● Task requirements
Output, word for word, the lines of this listing that fall between the line with "- rack shelf (713,213,726,274)" and the line with "- rack frame (692,131,733,324)", counting both of those lines, and no others.

● Data provided
==============================

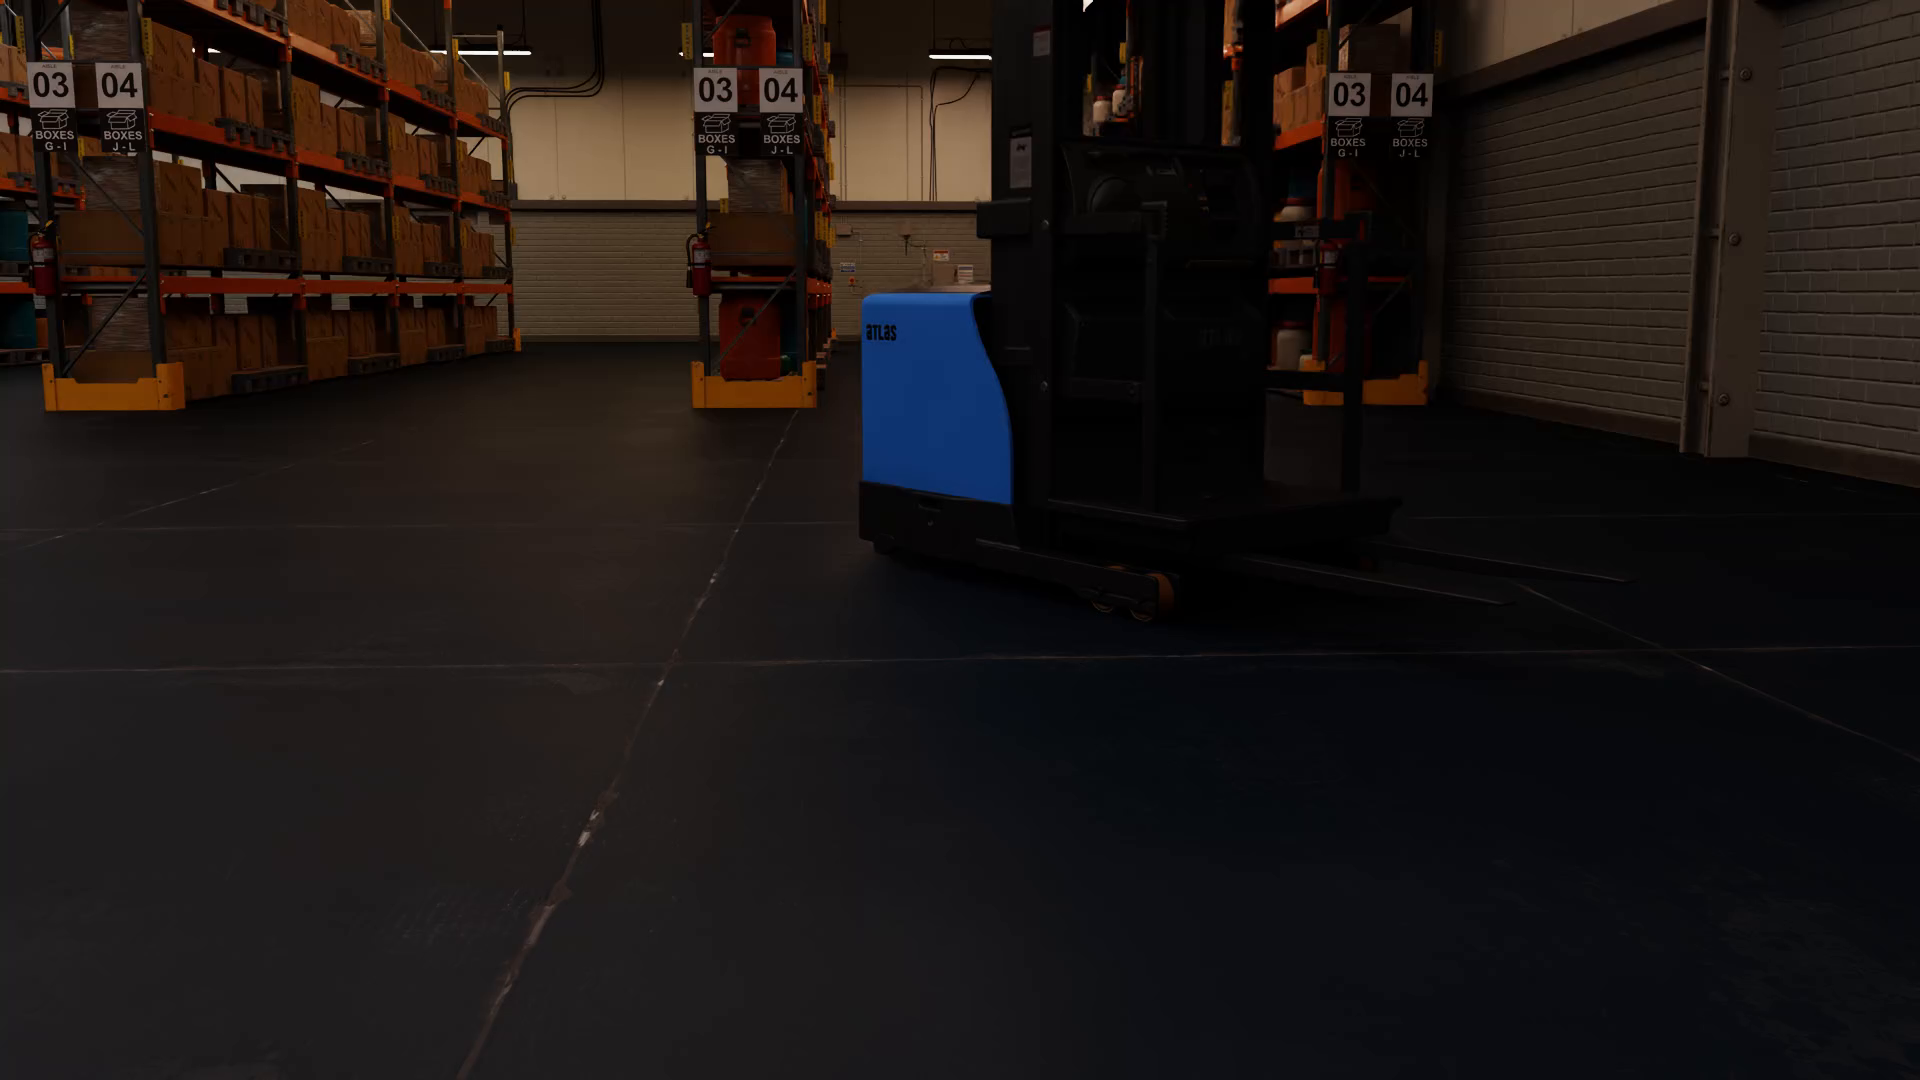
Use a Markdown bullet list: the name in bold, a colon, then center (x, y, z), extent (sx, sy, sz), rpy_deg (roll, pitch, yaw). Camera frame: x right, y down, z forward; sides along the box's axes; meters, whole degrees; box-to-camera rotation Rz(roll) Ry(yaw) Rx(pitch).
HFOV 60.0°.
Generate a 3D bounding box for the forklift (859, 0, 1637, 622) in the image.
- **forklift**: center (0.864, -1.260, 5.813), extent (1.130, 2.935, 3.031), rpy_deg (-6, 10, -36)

==============================

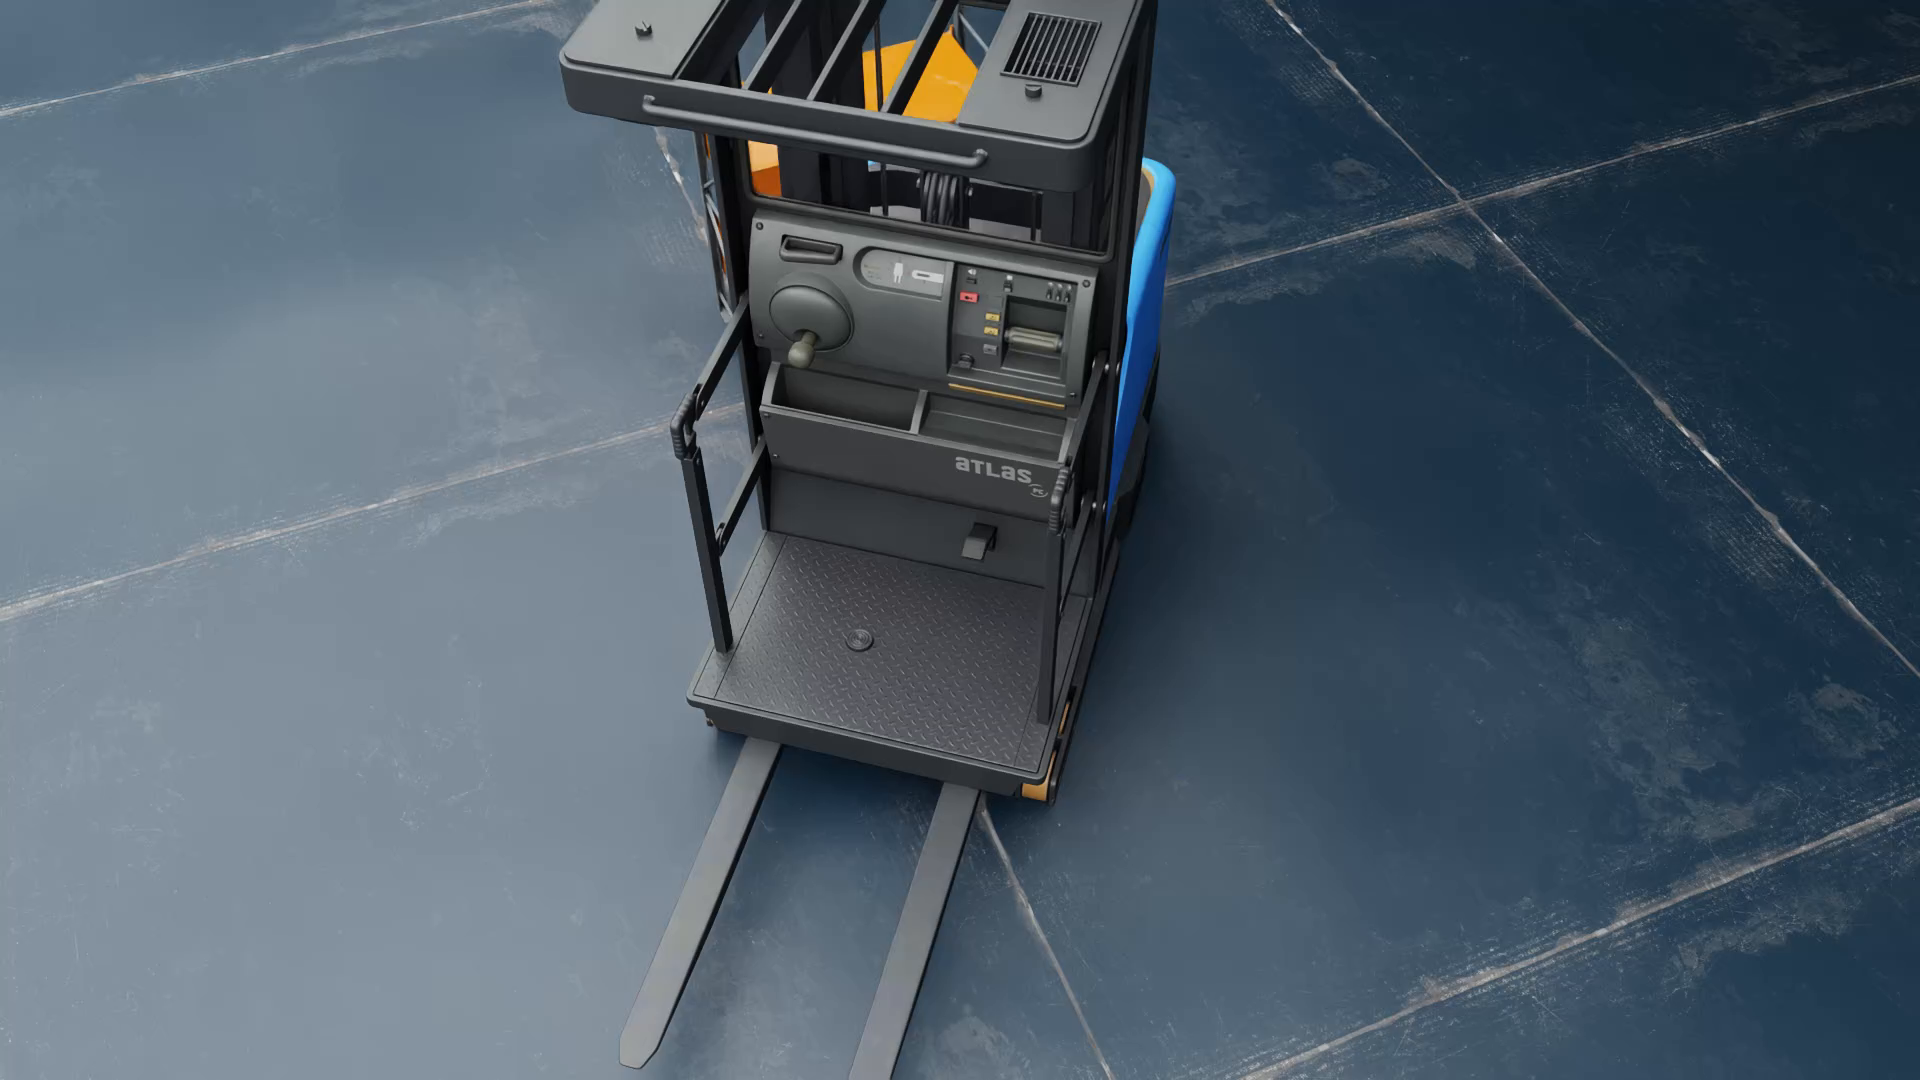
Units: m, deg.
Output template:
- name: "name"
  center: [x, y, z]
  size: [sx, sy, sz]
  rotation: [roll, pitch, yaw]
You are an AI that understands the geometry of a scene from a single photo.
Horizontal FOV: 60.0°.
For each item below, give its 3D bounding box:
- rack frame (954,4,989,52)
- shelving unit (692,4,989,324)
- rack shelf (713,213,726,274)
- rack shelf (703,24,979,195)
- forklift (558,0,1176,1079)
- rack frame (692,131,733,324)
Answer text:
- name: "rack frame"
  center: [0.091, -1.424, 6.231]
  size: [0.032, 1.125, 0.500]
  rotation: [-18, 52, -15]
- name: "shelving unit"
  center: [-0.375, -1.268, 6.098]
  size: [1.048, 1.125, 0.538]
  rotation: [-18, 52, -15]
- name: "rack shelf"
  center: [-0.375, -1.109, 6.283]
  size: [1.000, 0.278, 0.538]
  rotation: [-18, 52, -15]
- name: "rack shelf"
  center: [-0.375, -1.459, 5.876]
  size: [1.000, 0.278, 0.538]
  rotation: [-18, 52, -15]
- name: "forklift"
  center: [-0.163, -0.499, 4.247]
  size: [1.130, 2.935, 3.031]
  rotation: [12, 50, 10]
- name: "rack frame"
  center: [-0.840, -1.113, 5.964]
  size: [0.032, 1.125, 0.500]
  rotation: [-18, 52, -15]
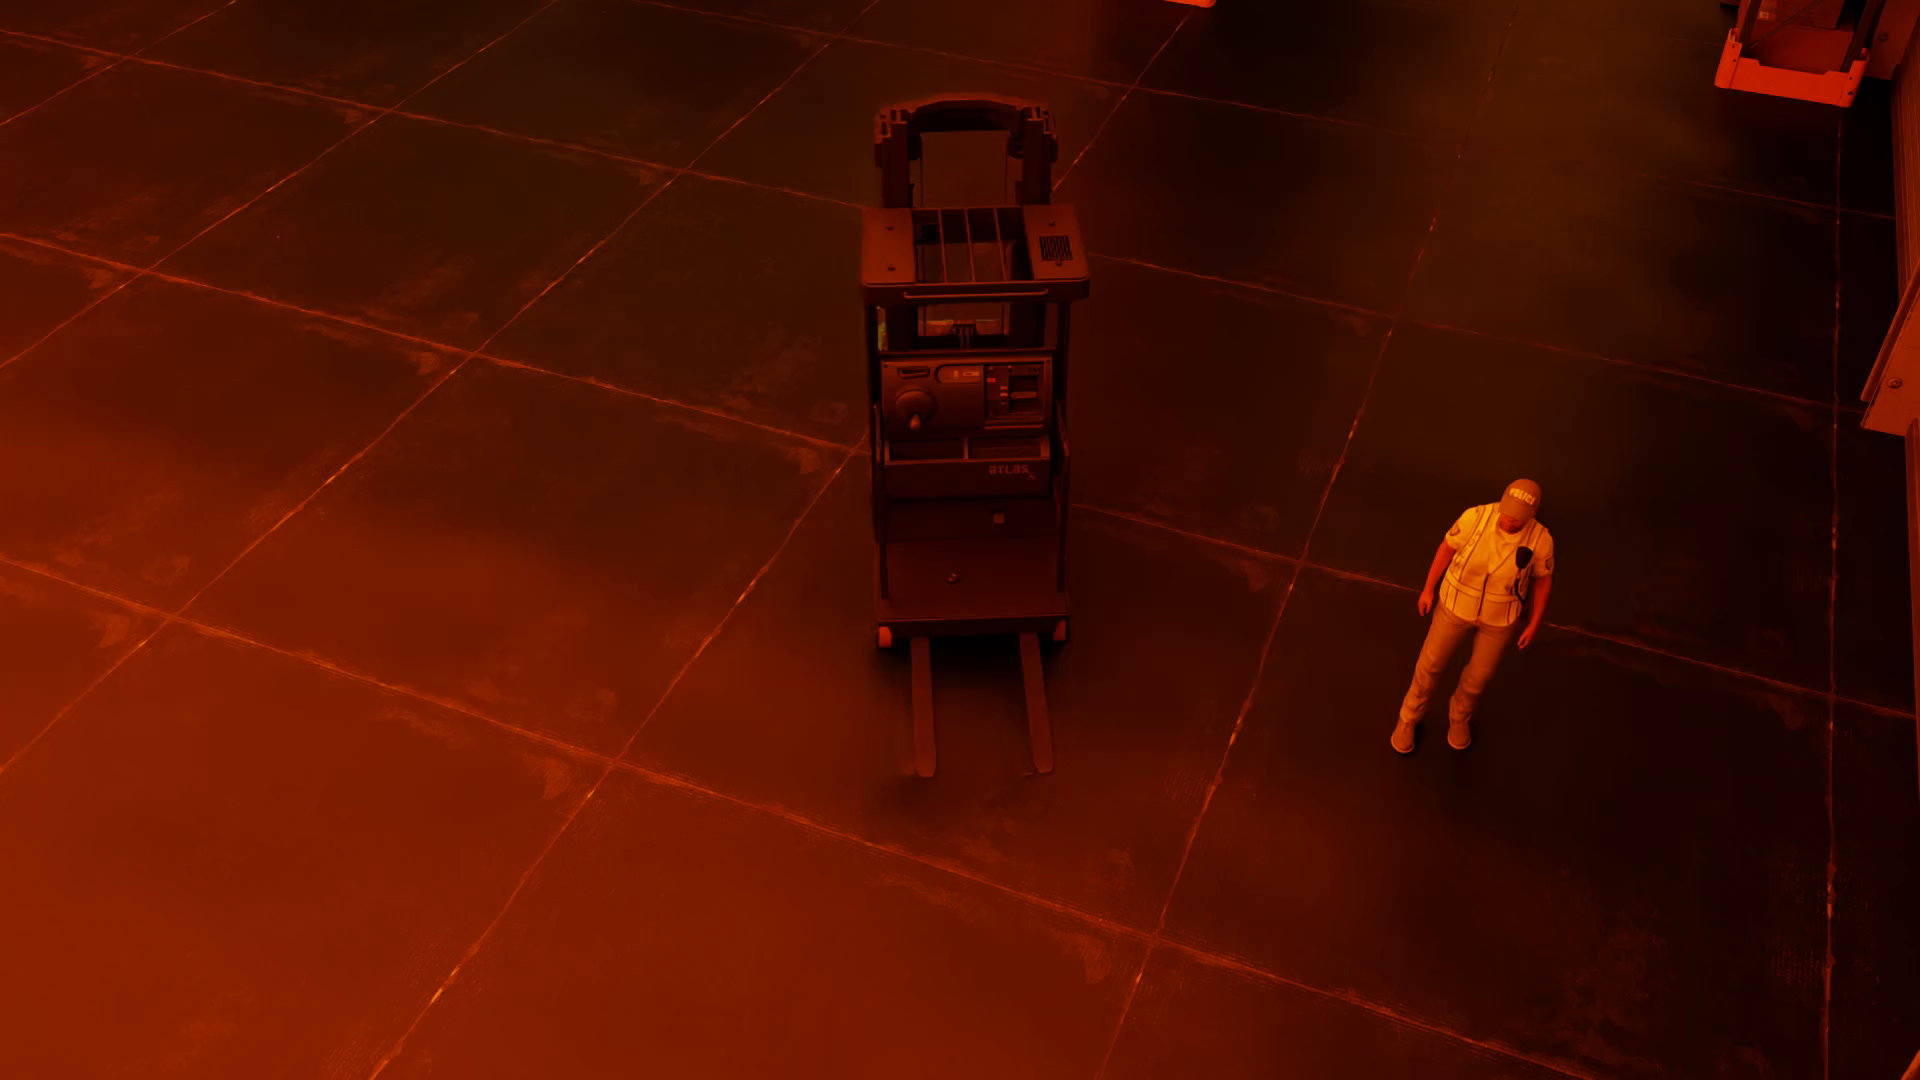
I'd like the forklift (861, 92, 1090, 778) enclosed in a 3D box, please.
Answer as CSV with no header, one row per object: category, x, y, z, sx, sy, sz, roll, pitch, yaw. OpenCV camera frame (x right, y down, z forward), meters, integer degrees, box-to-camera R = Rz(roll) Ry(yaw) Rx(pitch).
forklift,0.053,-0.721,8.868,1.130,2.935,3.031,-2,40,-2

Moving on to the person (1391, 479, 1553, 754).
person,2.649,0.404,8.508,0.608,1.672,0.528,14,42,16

==============================

● Response to this task
- rack shelf (713,213,726,274)
- rack shelf (703,24,979,195)
- forklift (558,0,1176,1079)
- rack frame (692,131,733,324)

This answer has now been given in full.